Give the number of lines in the data that contain the word "percussion"; no other text is needed.

BEGIN Records for this task

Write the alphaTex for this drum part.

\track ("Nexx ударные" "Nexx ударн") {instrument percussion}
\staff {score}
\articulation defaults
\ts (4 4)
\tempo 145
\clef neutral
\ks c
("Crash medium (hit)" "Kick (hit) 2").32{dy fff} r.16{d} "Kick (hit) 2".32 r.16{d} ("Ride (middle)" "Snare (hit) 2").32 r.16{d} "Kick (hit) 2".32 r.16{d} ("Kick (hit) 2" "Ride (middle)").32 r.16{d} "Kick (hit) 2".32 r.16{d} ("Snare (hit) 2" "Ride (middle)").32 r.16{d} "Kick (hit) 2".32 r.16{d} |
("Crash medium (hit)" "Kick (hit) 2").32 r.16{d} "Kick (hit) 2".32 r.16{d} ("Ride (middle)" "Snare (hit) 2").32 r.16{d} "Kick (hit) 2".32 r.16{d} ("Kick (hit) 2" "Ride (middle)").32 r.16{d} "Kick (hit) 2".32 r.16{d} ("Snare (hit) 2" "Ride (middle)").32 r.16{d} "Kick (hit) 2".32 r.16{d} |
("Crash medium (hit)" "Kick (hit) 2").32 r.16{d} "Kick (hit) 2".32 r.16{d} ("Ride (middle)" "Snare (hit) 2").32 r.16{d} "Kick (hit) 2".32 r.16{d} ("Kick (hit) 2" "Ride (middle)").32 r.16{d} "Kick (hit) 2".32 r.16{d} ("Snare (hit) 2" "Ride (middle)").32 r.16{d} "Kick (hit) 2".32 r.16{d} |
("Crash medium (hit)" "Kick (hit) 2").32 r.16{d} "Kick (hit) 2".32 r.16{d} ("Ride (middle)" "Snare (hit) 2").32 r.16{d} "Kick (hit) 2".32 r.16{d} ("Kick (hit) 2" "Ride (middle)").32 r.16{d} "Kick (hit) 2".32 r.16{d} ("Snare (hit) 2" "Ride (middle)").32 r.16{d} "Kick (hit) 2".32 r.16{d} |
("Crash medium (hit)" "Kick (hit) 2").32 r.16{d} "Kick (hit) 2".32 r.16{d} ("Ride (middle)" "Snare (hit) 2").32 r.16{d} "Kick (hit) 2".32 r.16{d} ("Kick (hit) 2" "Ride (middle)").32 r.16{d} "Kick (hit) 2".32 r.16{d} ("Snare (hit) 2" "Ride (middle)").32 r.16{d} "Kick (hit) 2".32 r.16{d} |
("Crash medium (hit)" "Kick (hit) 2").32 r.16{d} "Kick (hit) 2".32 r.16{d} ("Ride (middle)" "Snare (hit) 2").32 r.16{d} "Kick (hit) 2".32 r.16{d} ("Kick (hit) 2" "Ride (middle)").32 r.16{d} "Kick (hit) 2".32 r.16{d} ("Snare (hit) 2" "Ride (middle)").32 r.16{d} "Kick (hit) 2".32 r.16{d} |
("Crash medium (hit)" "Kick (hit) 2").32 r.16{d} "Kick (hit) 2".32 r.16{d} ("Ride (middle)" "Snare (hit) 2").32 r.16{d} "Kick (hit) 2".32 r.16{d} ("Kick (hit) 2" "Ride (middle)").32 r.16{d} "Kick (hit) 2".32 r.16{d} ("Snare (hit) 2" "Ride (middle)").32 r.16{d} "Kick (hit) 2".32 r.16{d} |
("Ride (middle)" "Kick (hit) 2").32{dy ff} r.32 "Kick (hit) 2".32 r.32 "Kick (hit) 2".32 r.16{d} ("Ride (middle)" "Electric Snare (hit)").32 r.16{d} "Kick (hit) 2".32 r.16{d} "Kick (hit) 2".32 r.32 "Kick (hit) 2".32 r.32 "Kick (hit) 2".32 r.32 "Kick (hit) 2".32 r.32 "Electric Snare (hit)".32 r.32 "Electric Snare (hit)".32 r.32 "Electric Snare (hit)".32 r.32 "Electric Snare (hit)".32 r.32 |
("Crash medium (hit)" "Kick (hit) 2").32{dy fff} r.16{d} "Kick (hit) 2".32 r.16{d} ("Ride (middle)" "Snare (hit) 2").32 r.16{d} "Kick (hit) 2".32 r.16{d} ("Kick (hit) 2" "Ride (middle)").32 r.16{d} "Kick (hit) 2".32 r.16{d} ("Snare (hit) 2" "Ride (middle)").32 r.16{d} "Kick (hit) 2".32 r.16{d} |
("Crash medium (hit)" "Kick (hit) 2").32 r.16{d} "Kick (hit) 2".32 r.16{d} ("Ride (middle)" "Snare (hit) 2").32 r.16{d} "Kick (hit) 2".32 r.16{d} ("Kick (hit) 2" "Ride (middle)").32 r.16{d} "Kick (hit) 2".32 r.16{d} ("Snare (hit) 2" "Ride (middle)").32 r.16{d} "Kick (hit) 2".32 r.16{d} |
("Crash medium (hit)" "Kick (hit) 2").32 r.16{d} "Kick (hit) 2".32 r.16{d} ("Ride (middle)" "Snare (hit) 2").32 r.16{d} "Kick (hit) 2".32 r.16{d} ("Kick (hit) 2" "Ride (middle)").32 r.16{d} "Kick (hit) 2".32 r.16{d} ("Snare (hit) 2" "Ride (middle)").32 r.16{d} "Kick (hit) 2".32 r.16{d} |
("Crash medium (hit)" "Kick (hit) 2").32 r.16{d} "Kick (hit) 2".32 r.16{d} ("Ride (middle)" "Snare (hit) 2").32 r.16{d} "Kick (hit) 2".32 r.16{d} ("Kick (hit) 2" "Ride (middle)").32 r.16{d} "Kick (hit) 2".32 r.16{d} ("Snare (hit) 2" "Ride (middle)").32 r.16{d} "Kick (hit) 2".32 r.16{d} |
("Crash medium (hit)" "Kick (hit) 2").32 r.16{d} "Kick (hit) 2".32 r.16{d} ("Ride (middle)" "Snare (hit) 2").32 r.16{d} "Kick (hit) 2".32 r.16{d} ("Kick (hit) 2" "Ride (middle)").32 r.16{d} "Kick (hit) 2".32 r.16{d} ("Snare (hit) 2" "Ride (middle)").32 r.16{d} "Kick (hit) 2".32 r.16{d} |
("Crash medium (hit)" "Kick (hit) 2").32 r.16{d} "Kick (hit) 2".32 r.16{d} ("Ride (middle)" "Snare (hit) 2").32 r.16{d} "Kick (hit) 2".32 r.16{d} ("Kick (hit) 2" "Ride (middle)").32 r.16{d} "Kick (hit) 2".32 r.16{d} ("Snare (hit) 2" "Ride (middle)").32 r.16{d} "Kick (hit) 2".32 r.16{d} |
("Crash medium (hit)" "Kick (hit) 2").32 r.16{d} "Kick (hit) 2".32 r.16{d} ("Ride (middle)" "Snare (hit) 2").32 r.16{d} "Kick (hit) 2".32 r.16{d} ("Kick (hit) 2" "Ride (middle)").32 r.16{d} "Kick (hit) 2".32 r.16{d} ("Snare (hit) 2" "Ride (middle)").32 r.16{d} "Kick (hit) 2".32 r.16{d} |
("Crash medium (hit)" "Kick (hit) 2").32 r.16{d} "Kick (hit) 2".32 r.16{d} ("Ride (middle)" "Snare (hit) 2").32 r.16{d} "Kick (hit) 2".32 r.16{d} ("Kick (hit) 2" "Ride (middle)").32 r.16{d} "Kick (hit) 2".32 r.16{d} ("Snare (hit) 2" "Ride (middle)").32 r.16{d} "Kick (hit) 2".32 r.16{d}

END Records for this task
BEGIN Records for this task

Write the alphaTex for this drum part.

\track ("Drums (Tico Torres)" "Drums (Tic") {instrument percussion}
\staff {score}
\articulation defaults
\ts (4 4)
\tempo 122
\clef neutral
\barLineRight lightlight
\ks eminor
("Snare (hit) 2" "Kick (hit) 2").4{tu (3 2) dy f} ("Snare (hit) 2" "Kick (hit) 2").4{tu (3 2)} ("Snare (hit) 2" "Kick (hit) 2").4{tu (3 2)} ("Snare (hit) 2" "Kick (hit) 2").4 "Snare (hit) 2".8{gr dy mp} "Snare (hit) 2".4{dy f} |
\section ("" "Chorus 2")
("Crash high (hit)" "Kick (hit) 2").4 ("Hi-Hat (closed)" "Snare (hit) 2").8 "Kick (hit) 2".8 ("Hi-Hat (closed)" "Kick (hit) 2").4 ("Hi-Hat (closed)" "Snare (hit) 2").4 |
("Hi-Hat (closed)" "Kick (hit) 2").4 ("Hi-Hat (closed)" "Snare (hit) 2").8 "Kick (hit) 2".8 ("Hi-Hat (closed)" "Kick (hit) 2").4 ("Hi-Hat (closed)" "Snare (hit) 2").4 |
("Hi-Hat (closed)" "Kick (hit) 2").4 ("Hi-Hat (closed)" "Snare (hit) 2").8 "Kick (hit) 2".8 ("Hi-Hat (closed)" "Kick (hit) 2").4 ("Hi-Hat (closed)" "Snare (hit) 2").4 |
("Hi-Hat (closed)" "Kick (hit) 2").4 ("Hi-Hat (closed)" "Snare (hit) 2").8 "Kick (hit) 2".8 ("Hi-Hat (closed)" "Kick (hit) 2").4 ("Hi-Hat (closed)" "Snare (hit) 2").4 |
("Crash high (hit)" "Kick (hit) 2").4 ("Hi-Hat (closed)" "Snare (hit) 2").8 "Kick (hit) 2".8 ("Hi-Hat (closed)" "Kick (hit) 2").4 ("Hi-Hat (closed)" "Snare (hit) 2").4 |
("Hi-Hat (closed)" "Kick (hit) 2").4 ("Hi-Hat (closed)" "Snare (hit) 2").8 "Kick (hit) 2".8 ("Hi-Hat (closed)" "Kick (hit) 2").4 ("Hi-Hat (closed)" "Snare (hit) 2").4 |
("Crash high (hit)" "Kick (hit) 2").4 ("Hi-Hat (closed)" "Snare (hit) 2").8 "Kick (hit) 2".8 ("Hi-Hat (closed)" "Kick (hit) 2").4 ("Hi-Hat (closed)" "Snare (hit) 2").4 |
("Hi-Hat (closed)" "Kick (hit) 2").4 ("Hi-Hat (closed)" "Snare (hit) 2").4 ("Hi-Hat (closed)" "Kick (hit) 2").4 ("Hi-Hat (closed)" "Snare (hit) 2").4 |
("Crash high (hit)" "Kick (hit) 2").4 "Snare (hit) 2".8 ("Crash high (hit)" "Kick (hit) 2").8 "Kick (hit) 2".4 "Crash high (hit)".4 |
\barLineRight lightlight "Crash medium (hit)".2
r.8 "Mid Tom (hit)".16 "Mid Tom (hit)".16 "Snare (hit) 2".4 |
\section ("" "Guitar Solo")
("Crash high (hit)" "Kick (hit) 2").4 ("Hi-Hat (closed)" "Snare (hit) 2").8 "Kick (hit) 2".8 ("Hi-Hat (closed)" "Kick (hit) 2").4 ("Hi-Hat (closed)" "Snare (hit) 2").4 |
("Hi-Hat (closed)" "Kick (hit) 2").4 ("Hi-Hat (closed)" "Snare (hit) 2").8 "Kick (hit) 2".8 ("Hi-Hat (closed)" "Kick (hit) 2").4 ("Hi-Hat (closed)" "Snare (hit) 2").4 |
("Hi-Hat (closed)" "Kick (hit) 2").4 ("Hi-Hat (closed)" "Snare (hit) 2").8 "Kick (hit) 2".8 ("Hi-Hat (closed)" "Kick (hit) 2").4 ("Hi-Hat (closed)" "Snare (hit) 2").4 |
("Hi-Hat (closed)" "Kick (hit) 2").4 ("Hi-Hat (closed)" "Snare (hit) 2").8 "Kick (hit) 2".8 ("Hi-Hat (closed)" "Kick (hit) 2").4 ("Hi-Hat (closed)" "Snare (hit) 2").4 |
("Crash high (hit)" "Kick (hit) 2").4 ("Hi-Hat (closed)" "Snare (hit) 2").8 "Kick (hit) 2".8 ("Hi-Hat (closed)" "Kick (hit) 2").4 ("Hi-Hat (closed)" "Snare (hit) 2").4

END Records for this task
BEGIN Records for this task

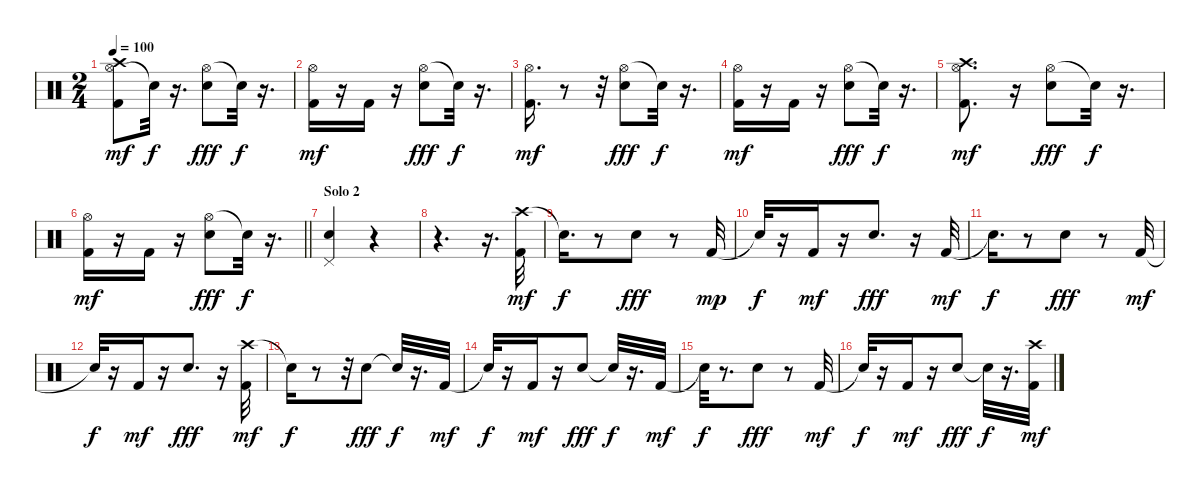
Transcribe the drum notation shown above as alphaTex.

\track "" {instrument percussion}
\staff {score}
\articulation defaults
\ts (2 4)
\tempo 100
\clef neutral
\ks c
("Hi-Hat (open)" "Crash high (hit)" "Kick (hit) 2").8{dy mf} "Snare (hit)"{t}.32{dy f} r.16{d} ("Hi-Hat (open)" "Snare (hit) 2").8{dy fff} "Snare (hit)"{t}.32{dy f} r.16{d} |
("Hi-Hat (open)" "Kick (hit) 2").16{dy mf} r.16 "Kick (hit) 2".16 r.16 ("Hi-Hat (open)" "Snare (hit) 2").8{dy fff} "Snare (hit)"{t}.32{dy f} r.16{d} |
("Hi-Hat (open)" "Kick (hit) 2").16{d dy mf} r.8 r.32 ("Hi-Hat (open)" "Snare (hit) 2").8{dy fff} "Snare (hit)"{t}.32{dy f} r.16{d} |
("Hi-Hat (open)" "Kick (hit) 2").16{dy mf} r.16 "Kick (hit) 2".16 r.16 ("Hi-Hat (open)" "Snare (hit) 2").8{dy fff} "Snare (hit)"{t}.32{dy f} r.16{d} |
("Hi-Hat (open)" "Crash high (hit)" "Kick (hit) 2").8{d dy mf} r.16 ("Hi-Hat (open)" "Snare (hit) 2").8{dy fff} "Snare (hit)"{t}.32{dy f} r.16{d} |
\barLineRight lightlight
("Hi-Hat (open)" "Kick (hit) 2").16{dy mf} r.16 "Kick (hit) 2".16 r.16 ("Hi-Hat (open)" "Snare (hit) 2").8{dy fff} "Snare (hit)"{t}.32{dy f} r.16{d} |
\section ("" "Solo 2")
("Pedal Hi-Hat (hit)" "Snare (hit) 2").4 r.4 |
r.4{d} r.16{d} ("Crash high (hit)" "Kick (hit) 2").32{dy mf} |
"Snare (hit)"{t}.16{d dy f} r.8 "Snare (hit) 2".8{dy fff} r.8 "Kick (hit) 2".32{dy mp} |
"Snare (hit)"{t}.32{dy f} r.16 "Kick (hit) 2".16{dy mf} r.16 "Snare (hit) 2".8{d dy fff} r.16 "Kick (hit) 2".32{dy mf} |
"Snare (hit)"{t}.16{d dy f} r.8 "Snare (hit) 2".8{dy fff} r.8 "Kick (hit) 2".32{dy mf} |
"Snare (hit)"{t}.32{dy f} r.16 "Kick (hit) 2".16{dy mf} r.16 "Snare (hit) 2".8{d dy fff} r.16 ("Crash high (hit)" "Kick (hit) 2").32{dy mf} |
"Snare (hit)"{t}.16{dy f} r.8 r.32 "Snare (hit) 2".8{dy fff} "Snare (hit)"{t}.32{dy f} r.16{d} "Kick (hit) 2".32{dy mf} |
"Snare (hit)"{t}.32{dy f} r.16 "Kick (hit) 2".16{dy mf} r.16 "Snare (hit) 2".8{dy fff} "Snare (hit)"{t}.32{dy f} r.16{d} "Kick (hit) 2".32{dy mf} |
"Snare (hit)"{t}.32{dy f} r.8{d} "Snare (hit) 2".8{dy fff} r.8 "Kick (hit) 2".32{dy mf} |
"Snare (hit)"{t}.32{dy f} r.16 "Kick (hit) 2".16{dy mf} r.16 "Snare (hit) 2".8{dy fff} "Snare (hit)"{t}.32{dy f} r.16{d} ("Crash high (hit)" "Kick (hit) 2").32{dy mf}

END Records for this task

Answer -> 3